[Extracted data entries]
■ ■ ■ ■
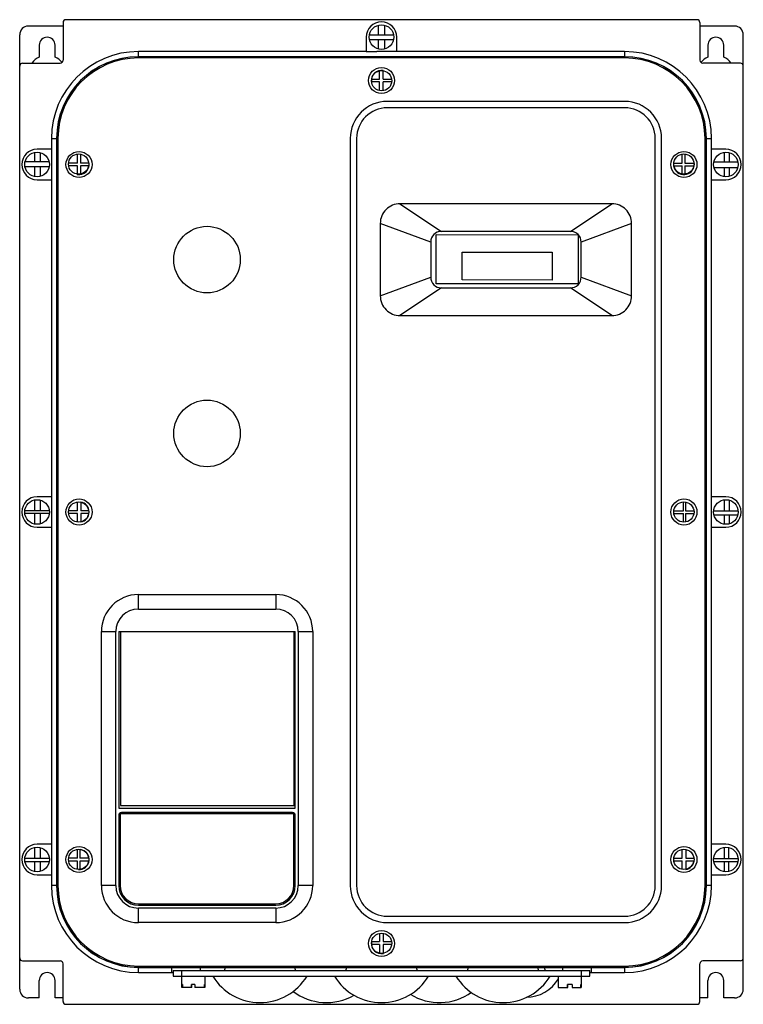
# Model space of a CAD drawing. Header units: millimetres. Extents: x 34 to 284, y 55 to 395.
import ezdxf

# ---------------------------------------------------------------- set-up
doc = ezdxf.new("R2010")
doc.units = ezdxf.units.MM
doc.header["$LTSCALE"] = 29.133641
doc.layers.get('0').update_dxf_attribs({"linetype": 'CONTINUOUS'})

msp = doc.modelspace()

# ---------------------------------------------------------------- linework, layer by layer
at = {"color": 7, "linetype": 'Continuous'}
for p, q in [((267.55, 394.56), (49.55, 394.56)), ((48.55, 392.36), (36.55, 392.36)), ((48.55, 393.56), (48.55, 380.56)), ((157.52, 389.39), (157.52, 392.68)), ((159.69, 389.39), (159.69, 392.66)), ((268.55, 393.56), (268.55, 380.56)), ((280.55, 392.36), (268.55, 392.36)), ((33.55, 59.76), (33.55, 389.36)), ((153.3, 388.56), (153.3, 383.56)), ((154.39, 389.39), (162.72, 389.39)), ((162.7, 387.64), (154.41, 387.64)), ((157.52, 384.44), (157.52, 387.64)), ((159.69, 384.47), (159.69, 387.64)), ((163.8, 383.55), (163.8, 388.56)), ((283.55, 59.76), (283.55, 389.36)), ((40.3, 385.76), (40.3, 381.65)), ((45.8, 381.65), (45.8, 385.76)), ((271.3, 385.76), (271.3, 381.65)), ((276.8, 381.65), (276.8, 385.76)), ((74.55, 381.79), (74.55, 383.56)), ((153.3, 383.56), (74.55, 383.56)), ((242.55, 381.79), (74.55, 381.79)), ((74.55, 381.34), (74.55, 381.77)), ((242.55, 381.77), (74.55, 381.77)), ((242.55, 381.34), (74.55, 381.34)), ((153.3, 383.56), (156.95, 383.56)), ((163.8, 383.55), (156.95, 383.55)), ((242.55, 383.56), (163.8, 383.56)), ((242.55, 383.56), (242.55, 381.79)), ((242.55, 381.77), (242.55, 381.34)), ((34.55, 379.56), (47.55, 379.56)), ((282.55, 379.56), (269.55, 379.56)), ((155.15, 374.04), (157.87, 374.04)), ((157.87, 374.04), (157.87, 376.91)), ((157.99, 377.02), (157.99, 376.93)), ((159.14, 374.04), (159.14, 376.95)), ((159.14, 374.04), (162.06, 374.04)), ((157.87, 373.07), (155.13, 373.07)), ((157.87, 370.07), (157.87, 373.07)), ((159.14, 370.03), (159.14, 373.07)), ((162.08, 373.07), (159.14, 373.07)), ((242.55, 366.34), (160.55, 366.34)), ((242.55, 364.14), (160.55, 364.14)), ((44.55, 353.56), (44.55, 349.81)), ((44.55, 353.56), (46.33, 353.56)), ((46.33, 353.56), (46.33, 95.56)), ((46.35, 353.56), (46.35, 95.56)), ((46.35, 353.56), (46.78, 353.56)), ((46.78, 353.56), (46.78, 95.56)), ((147.77, 353.56), (147.77, 95.56)), ((149.97, 353.56), (149.97, 95.56)), ((253.13, 95.56), (253.13, 353.56)), ((255.33, 95.56), (255.33, 353.56)), ((270.33, 95.56), (270.33, 353.56)), ((270.33, 353.56), (270.76, 353.56)), ((270.76, 95.56), (270.76, 353.56)), ((270.78, 95.56), (270.78, 353.56)), ((270.78, 353.56), (272.55, 353.56)), ((272.55, 349.81), (272.55, 353.56)), ((38.74, 345.52), (38.74, 348.73)), ((44.56, 349.81), (39.55, 349.81)), ((40.6, 348.68), (40.6, 345.52)), ((44.56, 349.81), (44.56, 339.31)), ((53.56, 345.06), (53.56, 348.19)), ((54.52, 348.16), (54.52, 345.06)), ((262.41, 345.06), (262.41, 348.16)), ((263.32, 348.2), (263.32, 345.06)), ((272.55, 339.31), (272.55, 349.81)), ((277.55, 349.81), (272.55, 349.81)), ((277.06, 345.52), (277.06, 348.78)), ((278.62, 348.68), (278.62, 345.52)), ((43.73, 343.77), (35.38, 343.77)), ((43.69, 345.52), (35.41, 345.52)), ((38.74, 340.39), (38.74, 343.77)), ((40.6, 343.77), (40.6, 340.44)), ((53.56, 345.06), (50.44, 345.06)), ((53.56, 344.12), (50.47, 344.12)), ((53.56, 341.23), (53.56, 344.12)), ((57.4, 345.06), (54.52, 345.06)), ((54.52, 344.12), (54.52, 341.26)), ((57.37, 344.12), (54.52, 344.12)), ((259.55, 345.06), (262.41, 345.06)), ((259.58, 344.1), (262.41, 344.1)), ((262.41, 341.26), (262.41, 344.1)), ((263.32, 345.06), (266.51, 345.06)), ((263.32, 344.1), (263.32, 341.22)), ((263.32, 344.1), (266.48, 344.1)), ((273.41, 345.52), (281.69, 345.52)), ((273.42, 343.57), (281.69, 343.57)), ((277.06, 340.34), (277.06, 343.57)), ((278.62, 343.57), (278.62, 340.45)), ((53.49, 341.26), (53.49, 341.11)), ((54.62, 341.11), (54.62, 341.31)), ((262.49, 341.26), (262.49, 341.11)), ((263.62, 341.11), (263.62, 341.35)), ((39.55, 339.31), (44.56, 339.31)), ((44.55, 339.31), (44.55, 229.81)), ((272.55, 229.81), (272.55, 339.31)), ((272.55, 339.31), (277.55, 339.31)), ((164.94, 331.02), (179.27, 321.46)), ((238.17, 331.02), (164.94, 331.02)), ((223.83, 321.46), (238.17, 331.02)), ((158.13, 324.22), (158.13, 299.21)), ((175.55, 317.74), (158.13, 324.22)), ((244.98, 324.22), (227.55, 317.74)), ((244.98, 299.21), (244.98, 324.22)), ((177.45, 303.4), (177.49, 320.35)), ((177.49, 320.35), (226.49, 320.25)), ((223.83, 321.46), (179.27, 321.46)), ((226.49, 320.25), (226.45, 303.3)), ((175.55, 317.74), (175.55, 305.68)), ((227.55, 305.68), (227.55, 317.74)), ((186.46, 304.73), (186.48, 314.33)), ((186.48, 314.33), (217.48, 314.27)), ((217.48, 314.27), (217.46, 304.67)), ((158.13, 299.21), (175.55, 305.68)), ((226.45, 303.3), (177.45, 303.4)), ((217.46, 304.67), (186.46, 304.73)), ((227.55, 305.68), (244.98, 299.21)), ((179.27, 301.96), (164.94, 292.4)), ((179.27, 301.96), (223.83, 301.96)), ((238.17, 292.4), (223.83, 301.96)), ((164.94, 292.4), (238.17, 292.4)), ((38.74, 224.94), (38.74, 228.73)), ((44.56, 229.81), (39.55, 229.81)), ((40.68, 228.66), (40.68, 224.94)), ((44.56, 229.81), (44.56, 219.31)), ((53.56, 225.02), (53.56, 228.05)), ((54.63, 227.99), (54.63, 225.02)), ((262.84, 225.02), (262.84, 228.06)), ((263.59, 228.02), (263.59, 225.02)), ((277.55, 229.81), (272.55, 229.81)), ((272.55, 219.31), (272.55, 229.81)), ((277.06, 224.94), (277.06, 228.78)), ((278.72, 228.65), (278.72, 224.94)), ((43.79, 224.94), (35.32, 224.94)), ((53.56, 225.02), (50.45, 225.02)), ((57.39, 225.02), (54.63, 225.02)), ((259.56, 225.02), (262.84, 225.02)), ((263.59, 225.02), (266.5, 225.02)), ((273.32, 224.94), (281.79, 224.94)), ((43.77, 224.05), (35.34, 224.05)), ((38.74, 220.39), (38.74, 224.05)), ((40.68, 224.05), (40.68, 220.46)), ((53.56, 224.04), (50.46, 224.04)), ((53.56, 221.08), (53.56, 224.04)), ((54.63, 224.04), (54.63, 221.14)), ((57.38, 224.04), (54.63, 224.04)), ((259.57, 224.06), (262.84, 224.06)), ((262.84, 221.07), (262.84, 224.06)), ((263.59, 224.06), (266.49, 224.06)), ((263.59, 224.06), (263.59, 221.11)), ((273.42, 223.58), (281.69, 223.58)), ((277.06, 220.34), (277.06, 223.58)), ((278.72, 223.58), (278.72, 220.47)), ((39.55, 219.31), (44.56, 219.31)), ((44.55, 219.31), (44.55, 109.81)), ((272.55, 219.31), (277.55, 219.31)), ((272.55, 109.81), (272.55, 219.31)), ((74.56, 191.06), (74.56, 196.06)), ((74.56, 196.06), (122, 196.06)), ((122, 196.06), (122, 191.06)), ((74.56, 191.06), (122, 191.06)), ((61.78, 95.56), (61.78, 183.28)), ((61.78, 183.28), (66.78, 183.28)), ((66.78, 95.56), (66.78, 183.28)), ((67.78, 183.28), (67.78, 122.28)), ((67.78, 183.28), (128.78, 183.28)), ((68.33, 183.19), (68.33, 123.19)), ((128.33, 183.19), (68.33, 183.19)), ((128.33, 123.19), (128.33, 183.19)), ((128.78, 122.28), (128.78, 183.28)), ((129.78, 183.28), (134.78, 183.28)), ((129.78, 183.28), (129.78, 95.56)), ((134.78, 183.28), (134.78, 95.56)), ((68.33, 123.19), (128.33, 123.19)), ((67.78, 122.28), (128.78, 122.28)), ((67.78, 119.78), (67.78, 95.56)), ((128.28, 120.28), (68.28, 120.28)), ((68.28, 120.28), (68.28, 95.58)), ((127.78, 120.78), (68.78, 120.78)), ((128.28, 95.58), (128.28, 120.28)), ((128.78, 95.56), (128.78, 119.78)), ((44.56, 109.81), (39.55, 109.81)), ((44.56, 109.81), (44.56, 99.31)), ((277.55, 109.81), (272.55, 109.81)), ((272.55, 99.31), (272.55, 109.81)), ((38.74, 104.9), (38.74, 108.73)), ((40.58, 108.69), (40.58, 104.9)), ((53.56, 105.04), (53.56, 108.08)), ((54.31, 108.08), (54.31, 105.04)), ((262.41, 105.04), (262.41, 108.04)), ((263.73, 108.03), (263.73, 105.04)), ((277.06, 104.9), (277.06, 108.78)), ((278.42, 108.72), (278.42, 104.9)), ((43.79, 104.9), (35.32, 104.9)), ((43.73, 103.76), (35.38, 103.76)), ((38.74, 100.39), (38.74, 103.76)), ((40.58, 103.76), (40.58, 100.44)), ((53.56, 105.04), (50.45, 105.04)), ((53.56, 104.03), (50.47, 104.03)), ((53.56, 101.12), (53.56, 104.03)), ((57.39, 105.04), (54.31, 105.04)), ((57.37, 104.03), (54.31, 104.03)), ((54.31, 104.03), (54.31, 101.12)), ((259.56, 105.04), (262.41, 105.04)), ((259.57, 104.08), (262.41, 104.08)), ((262.41, 101.15), (262.41, 104.08)), ((263.73, 105.04), (266.5, 105.04)), ((263.73, 104.08), (266.49, 104.08)), ((263.73, 104.08), (263.73, 101.17)), ((273.32, 104.9), (281.79, 104.9)), ((273.37, 103.82), (281.74, 103.82)), ((277.06, 100.34), (277.06, 103.82)), ((278.42, 103.82), (278.42, 100.4)), ((39.55, 99.31), (44.56, 99.31)), ((44.55, 99.31), (44.55, 95.56)), ((272.55, 99.31), (277.55, 99.31)), ((272.55, 95.56), (272.55, 99.31)), ((46.33, 95.56), (44.55, 95.56)), ((46.78, 95.56), (46.35, 95.56)), ((66.78, 95.56), (61.78, 95.56)), ((134.78, 95.56), (129.78, 95.56)), ((270.76, 95.56), (270.33, 95.56)), ((272.55, 95.56), (270.78, 95.56)), ((74.56, 88.78), (122, 88.78)), ((74.58, 89.28), (121.98, 89.28)), ((122, 87.78), (74.56, 87.78)), ((74.56, 82.78), (74.56, 87.78)), ((122, 87.78), (122, 82.78)), ((122, 82.78), (74.56, 82.78)), ((160.55, 84.98), (242.55, 84.98)), ((160.55, 82.78), (242.55, 82.78)), ((157.87, 79.06), (157.87, 76.22)), ((159.18, 79.09), (159.18, 76.22)), ((157.87, 75.21), (155.13, 75.21)), ((155.15, 76.22), (157.87, 76.22)), ((157.87, 75.21), (157.87, 72.22)), ((159.18, 76.22), (162.06, 76.22)), ((162.08, 75.21), (159.18, 75.21)), ((159.18, 75.21), (159.18, 72.19)), ((157.99, 72.2), (157.99, 72.11)), ((159.12, 72.11), (159.12, 72.18)), ((34.55, 69.56), (47.55, 69.56)), ((48.55, 55.56), (48.55, 68.56)), ((268.55, 55.56), (268.55, 68.56)), ((282.55, 69.56), (269.55, 69.56)), ((74.55, 67.78), (242.55, 67.78)), ((74.55, 67.35), (74.55, 67.78)), ((74.55, 67.35), (242.55, 67.35)), ((74.55, 67.33), (242.55, 67.33)), ((74.55, 65.56), (74.55, 67.33)), ((74.55, 65.56), (86.55, 65.56)), ((86.05, 67.28), (231.05, 67.28)), ((86.05, 67.28), (86.05, 65.83)), ((86.55, 66.29), (230.55, 66.29)), ((86.55, 66.29), (86.55, 64.29)), ((89.55, 60.39), (89.55, 66.29)), ((96.05, 66.29), (96.05, 67.28)), ((104.27, 66.29), (104.63, 67.28)), ((128.48, 67.28), (128.84, 66.29)), ((146.27, 66.29), (146.63, 67.28)), ((170.48, 67.28), (170.84, 66.29)), ((188.27, 66.29), (188.63, 67.28)), ((212.48, 67.28), (212.84, 66.29)), ((214.73, 67.28), (215.09, 66.29)), ((221.05, 67.28), (221.05, 66.29)), ((227.55, 66.29), (227.55, 60.39)), ((230.55, 64.29), (230.55, 66.29)), ((230.55, 65.56), (242.55, 65.56)), ((231.05, 65.83), (231.05, 67.28)), ((242.55, 67.78), (242.55, 67.35)), ((242.55, 67.33), (242.55, 65.56)), ((40.3, 56.76), (40.3, 62.76)), ((45.8, 56.76), (45.8, 62.76)), ((86.55, 64.29), (230.55, 64.29)), ((89.75, 61.39), (89.55, 61.39)), ((89.75, 61.39), (89.75, 60.39)), ((94.09, 61.39), (92.86, 61.39)), ((92.86, 60.39), (92.86, 61.39)), ((92.98, 60.39), (92.98, 61.39)), ((94.09, 61.39), (94.09, 60.39)), ((97.55, 61.39), (97.36, 61.39)), ((97.36, 60.39), (97.36, 61.39)), ((97.55, 64.29), (97.55, 60.39)), ((219.55, 64.29), (219.55, 60.39)), ((219.64, 61.39), (219.55, 61.39)), ((219.64, 61.39), (219.64, 60.39)), ((224.46, 61.39), (222.76, 61.39)), ((222.76, 60.39), (222.76, 61.39)), ((222.95, 60.39), (222.95, 61.39)), ((224.46, 61.39), (224.46, 60.39)), ((227.55, 61.39), (227.47, 61.39)), ((227.47, 60.39), (227.47, 61.39)), ((271.3, 56.76), (271.3, 62.76)), ((276.8, 56.76), (276.8, 62.76)), ((92.98, 60.39), (89.55, 60.39)), ((97.55, 60.39), (94.09, 60.39)), ((219.55, 60.39), (222.95, 60.39)), ((224.46, 60.39), (227.55, 60.39)), ((40.3, 56.76), (36.55, 56.76)), ((48.55, 56.76), (45.8, 56.76)), ((49.55, 54.56), (267.55, 54.56)), ((271.3, 56.76), (268.55, 56.76)), ((280.55, 56.76), (276.8, 56.76))]:
    msp.add_line(p, q, dxfattribs=at)
for centre, radius in [((158.55, 388.56), 4.25), ((158.55, 373.56), 4.5), ((158.61, 373.49), 3.5), ((39.55, 344.56), 4.25), ((54.05, 344.56), 4.5), ((53.92, 344.71), 3.5), ((263.05, 344.56), 4.5), ((263.03, 344.71), 3.5), ((277.55, 344.56), 4.25), ((98.28, 311.71), 11.5), ((98.28, 251.71), 11.5), ((39.55, 224.56), 4.25), ((54.05, 224.56), 4.5), ((53.92, 224.56), 3.5), ((263.05, 224.56), 4.5), ((263.03, 224.56), 3.5), ((277.55, 224.56), 4.25), ((39.55, 104.56), 4.25), ((54.05, 104.56), 4.5), ((263.05, 104.56), 4.5), ((277.55, 104.56), 4.25), ((53.92, 104.6), 3.5), ((263.03, 104.6), 3.5), ((158.55, 75.56), 4.5), ((158.61, 75.64), 3.5)]:
    msp.add_circle(centre, radius, dxfattribs=at)
for centre, radius, start, end in [((49.55, 393.56), 1, 90, 180), ((267.55, 393.56), 1, 0, 90), ((36.55, 389.36), 3, 90, 180), ((158.55, 388.56), 5.25, 0, 180), ((280.55, 389.36), 3, 0, 90), ((43.05, 385.76), 2.75, 0, 180), ((274.05, 385.76), 2.75, 0, 180), ((43.05, 375.76), 6.5, 115.029, 143.3711), ((74.55, 353.56), 30, 90, 180), ((43.05, 375.76), 6.5, 39.0302, 64.971), ((74.55, 353.56), 28.23, 90, 180), ((74.55, 353.56), 28.21, 90, 180), ((74.55, 353.56), 27.78, 90, 180), ((242.55, 353.56), 30, 0, 90), ((242.55, 353.56), 28.23, 0, 90), ((242.55, 353.56), 28.21, 0, 90), ((242.55, 353.56), 27.78, 0, 90), ((274.05, 375.76), 6.5, 115.029, 140.9698), ((274.05, 375.76), 6.5, 36.6289, 64.971), ((34.55, 378.56), 1, 90, 180), ((47.55, 380.56), 1, 270, 360), ((269.55, 380.56), 1, 180, 270), ((282.55, 378.56), 1, 0, 90), ((158.55, 373.56), 3.5, 80.0463, 187.3545), ((160.55, 353.56), 12.78, 90, 180), ((160.55, 353.56), 10.58, 90, 180), ((242.55, 353.56), 12.78, 0, 90), ((242.55, 353.56), 10.58, 0, 90), ((39.55, 344.56), 5.25, 90, 270), ((277.55, 344.56), 5.25, 270, 90), ((54.05, 344.56), 3.5, 260.3466, 7.6728), ((263.05, 344.56), 3.5, 188.7386, 359.3632), ((179.27, 317.74), 3.72, 90, 180), ((223.83, 317.74), 3.72, 0, 90), ((179.27, 305.68), 3.72, 180, 270), ((223.83, 305.68), 3.72, 270, 360), ((39.55, 224.56), 5.25, 90, 270), ((54.05, 224.56), 3.5, 279.6534, 80.3466), ((277.55, 224.56), 5.25, 270, 90), ((74.56, 183.28), 12.78, 90, 180), ((122, 183.28), 12.78, 0, 90), ((74.56, 183.28), 7.78, 90, 180), ((122, 183.28), 7.78, 0, 90), ((68.78, 119.78), 1, 90, 180), ((127.78, 119.78), 1, 0, 90), ((39.55, 104.56), 5.25, 90, 270), ((277.55, 104.56), 5.25, 270, 90), ((54.05, 104.56), 3.5, 266.8835, 80.3466), ((263.05, 104.56), 3.5, 281.1156, 352.1965), ((263.05, 104.56), 3.5, 279.3492, 279.6534), ((74.55, 95.56), 30, 180, 270), ((74.55, 95.56), 28.23, 180, 270), ((74.55, 95.56), 28.21, 180, 270), ((74.55, 95.56), 27.78, 180, 270), ((74.56, 95.56), 12.78, 180, 270), ((74.56, 95.56), 7.78, 180, 270), ((74.56, 95.56), 6.78, 180, 270), ((74.58, 95.58), 6.3, 180, 270), ((121.98, 95.58), 6.3, 270, 360), ((122, 95.56), 12.78, 270, 360), ((122, 95.56), 7.78, 270, 360), ((122, 95.56), 6.78, 270, 360), ((160.55, 95.56), 12.78, 180, 270), ((160.55, 95.56), 10.58, 180, 270), ((242.55, 95.56), 30, 270, 360), ((242.55, 95.56), 28.23, 270, 360), ((242.55, 95.56), 28.21, 270, 360), ((242.55, 95.56), 27.78, 270, 360), ((242.55, 95.56), 12.78, 270, 360), ((242.55, 95.56), 10.58, 270, 360), ((158.55, 75.56), 3.5, 170.1149, 280.5896), ((34.55, 70.56), 1, 180, 270), ((47.55, 68.56), 1, 0, 90), ((269.55, 68.56), 1, 90, 180), ((282.55, 70.56), 1, 270, 360), ((43.05, 62.76), 2.75, 0, 180), ((274.05, 62.76), 2.75, 0, 180), ((116.55, 74.25), 19.08, 211.4756, 328.5244), ((158.55, 74.25), 19.08, 211.4756, 328.5244), ((200.55, 74.25), 19.08, 211.4756, 328.5244), ((208.55, 70.1), 13.05, 270, 328.6521), ((36.55, 59.76), 3, 180, 270), ((139.55, 74.25), 19.08, 232.5775, 299.9216), ((178.55, 74.25), 19.08, 238.2032, 305.5473), ((280.55, 59.76), 3, 270, 360), ((49.55, 55.56), 1, 180, 270), ((267.55, 55.56), 1, 270, 360)]:
    msp.add_arc(centre, radius, start, end, dxfattribs=at)
for points, knots in [([(157.97, 377.01), (157.97, 377.01), (157.97, 377.01), (157.97, 377.01), (157.97, 377), (157.96, 376.99), (157.96, 376.98), (157.96, 376.96), (157.96, 376.95), (157.96, 376.93)], [0, 0, 0, 0, 0.021107, 0.071313, 0.152115, 0.263629, 0.405187, 0.575787, 1, 1, 1, 1]), ([(159.14, 377.01), (159.14, 377.01), (159.14, 377.01), (159.14, 377.01), (159.14, 377), (159.14, 377), (159.15, 376.99), (159.15, 376.98), (159.15, 376.97), (159.15, 376.96)], [0, 0, 0, 0, 0.022583, 0.073267, 0.153868, 0.26454, 0.405076, 0.574921, 1, 1, 1, 1]), ([(53.47, 341.11), (53.47, 341.11), (53.47, 341.11), (53.47, 341.12), (53.47, 341.12), (53.46, 341.13), (53.46, 341.14), (53.46, 341.16), (53.46, 341.18), (53.46, 341.21), (53.46, 341.24), (53.46, 341.26), (53.46, 341.27)], [0, 0, 0, 0, 0.006352, 0.019993, 0.041514, 0.07099, 0.15367, 0.267176, 0.410294, 0.581427, 0.778695, 1, 1, 1, 1]), ([(54.64, 341.11), (54.64, 341.11), (54.64, 341.11), (54.64, 341.12), (54.64, 341.12), (54.64, 341.13), (54.65, 341.14), (54.65, 341.15), (54.65, 341.17), (54.65, 341.2), (54.65, 341.24), (54.65, 341.28), (54.65, 341.31), (54.65, 341.33)], [0, 0, 0, 0, 0.006017, 0.019653, 0.041424, 0.07141, 0.109557, 0.155659, 0.270799, 0.414953, 0.586221, 0.782236, 1, 1, 1, 1]), ([(262.47, 341.11), (262.47, 341.11), (262.47, 341.11), (262.47, 341.11), (262.47, 341.12), (262.47, 341.12), (262.46, 341.14), (262.46, 341.15), (262.46, 341.17), (262.46, 341.2), (262.46, 341.23), (262.46, 341.25), (262.46, 341.26)], [0, 0, 0, 0, 0.006487, 0.02014, 0.041598, 0.07095, 0.153259, 0.26635, 0.409108, 0.58015, 0.777733, 1, 1, 1, 1]), ([(263.64, 341.11), (263.64, 341.11), (263.64, 341.11), (263.64, 341.12), (263.64, 341.12), (263.65, 341.13), (263.65, 341.14), (263.65, 341.16), (263.65, 341.18), (263.65, 341.22), (263.65, 341.26), (263.65, 341.31), (263.65, 341.34), (263.65, 341.36)], [0, 0, 0, 0, 0.005898, 0.01963, 0.041656, 0.072034, 0.110641, 0.157232, 0.273326, 0.418235, 0.58974, 0.784809, 1, 1, 1, 1]), ([(164.95, 331.02), (164.06, 331.02), (162.27, 330.66), (160, 329.16), (158.49, 326.89), (158.13, 325.1), (158.13, 324.21)], [0, 0, 0, 0, 0.250013, 0.500003, 0.749998, 1, 1, 1, 1]), ([(244.98, 324.21), (244.98, 325.1), (244.62, 326.89), (243.11, 329.16), (240.84, 330.66), (239.05, 331.02), (238.16, 331.02)], [0, 0, 0, 0, 0.250002, 0.499997, 0.749987, 1, 1, 1, 1]), ([(158.13, 299.21), (158.13, 298.33), (158.49, 296.54), (160, 294.27), (162.27, 292.76), (164.06, 292.4), (164.95, 292.4)], [0, 0, 0, 0, 0.250002, 0.499997, 0.749987, 1, 1, 1, 1]), ([(238.16, 292.4), (239.05, 292.4), (240.84, 292.76), (243.11, 294.27), (244.62, 296.54), (244.98, 298.33), (244.98, 299.21)], [0, 0, 0, 0, 0.250013, 0.500003, 0.749998, 1, 1, 1, 1]), ([(54.64, 101.11), (54.64, 101.11), (54.64, 101.11), (54.64, 101.12), (54.64, 101.12), (54.64, 101.13), (54.65, 101.14), (54.65, 101.16), (54.65, 101.18), (54.65, 101.21), (54.65, 101.24), (54.65, 101.26), (54.65, 101.28)], [0, 0, 0, 0, 0.006299, 0.019874, 0.041348, 0.070834, 0.153781, 0.267644, 0.41085, 0.581804, 0.778885, 1, 1, 1, 1]), ([(157.97, 72.11), (157.97, 72.11), (157.97, 72.11), (157.97, 72.12), (157.97, 72.13), (157.96, 72.14), (157.96, 72.15), (157.96, 72.17), (157.96, 72.19), (157.96, 72.2)], [0, 0, 0, 0, 0.020918, 0.071322, 0.152373, 0.263942, 0.405367, 0.575828, 1, 1, 1, 1]), ([(159.14, 72.11), (159.14, 72.11), (159.14, 72.11), (159.14, 72.12), (159.14, 72.12), (159.15, 72.13), (159.15, 72.14), (159.15, 72.15), (159.15, 72.16), (159.15, 72.17)], [0, 0, 0, 0, 0.021937, 0.072235, 0.152702, 0.2636, 0.404633, 0.574973, 1, 1, 1, 1]), ([(86.05, 65.83), (86.05, 65.83), (86.08, 65.82), (86.11, 65.81), (86.17, 65.81), (86.22, 65.8), (86.24, 65.8)], [0, 0, 0, 0, 0.075429, 0.264109, 0.572167, 1, 1, 1, 1]), ([(230.87, 65.8), (230.89, 65.8), (230.94, 65.81), (231, 65.81), (231.03, 65.82), (231.05, 65.83), (231.05, 65.83)], [0, 0, 0, 0, 0.427825, 0.735878, 0.924561, 1, 1, 1, 1])]:
    msp.add_open_spline(points, degree=3, knots=knots, dxfattribs=at)

doc.saveas('drawing.dxf')
■ ■ ■ ■
The range runs from the line above containing "for centre, radius in" to the line containing "msp.add_circle(centre, radius, dxfattribs=at)", inclusive. Restate those lines word for word and no others.

for centre, radius in [((158.55, 388.56), 4.25), ((158.55, 373.56), 4.5), ((158.61, 373.49), 3.5), ((39.55, 344.56), 4.25), ((54.05, 344.56), 4.5), ((53.92, 344.71), 3.5), ((263.05, 344.56), 4.5), ((263.03, 344.71), 3.5), ((277.55, 344.56), 4.25), ((98.28, 311.71), 11.5), ((98.28, 251.71), 11.5), ((39.55, 224.56), 4.25), ((54.05, 224.56), 4.5), ((53.92, 224.56), 3.5), ((263.05, 224.56), 4.5), ((263.03, 224.56), 3.5), ((277.55, 224.56), 4.25), ((39.55, 104.56), 4.25), ((54.05, 104.56), 4.5), ((263.05, 104.56), 4.5), ((277.55, 104.56), 4.25), ((53.92, 104.6), 3.5), ((263.03, 104.6), 3.5), ((158.55, 75.56), 4.5), ((158.61, 75.64), 3.5)]:
    msp.add_circle(centre, radius, dxfattribs=at)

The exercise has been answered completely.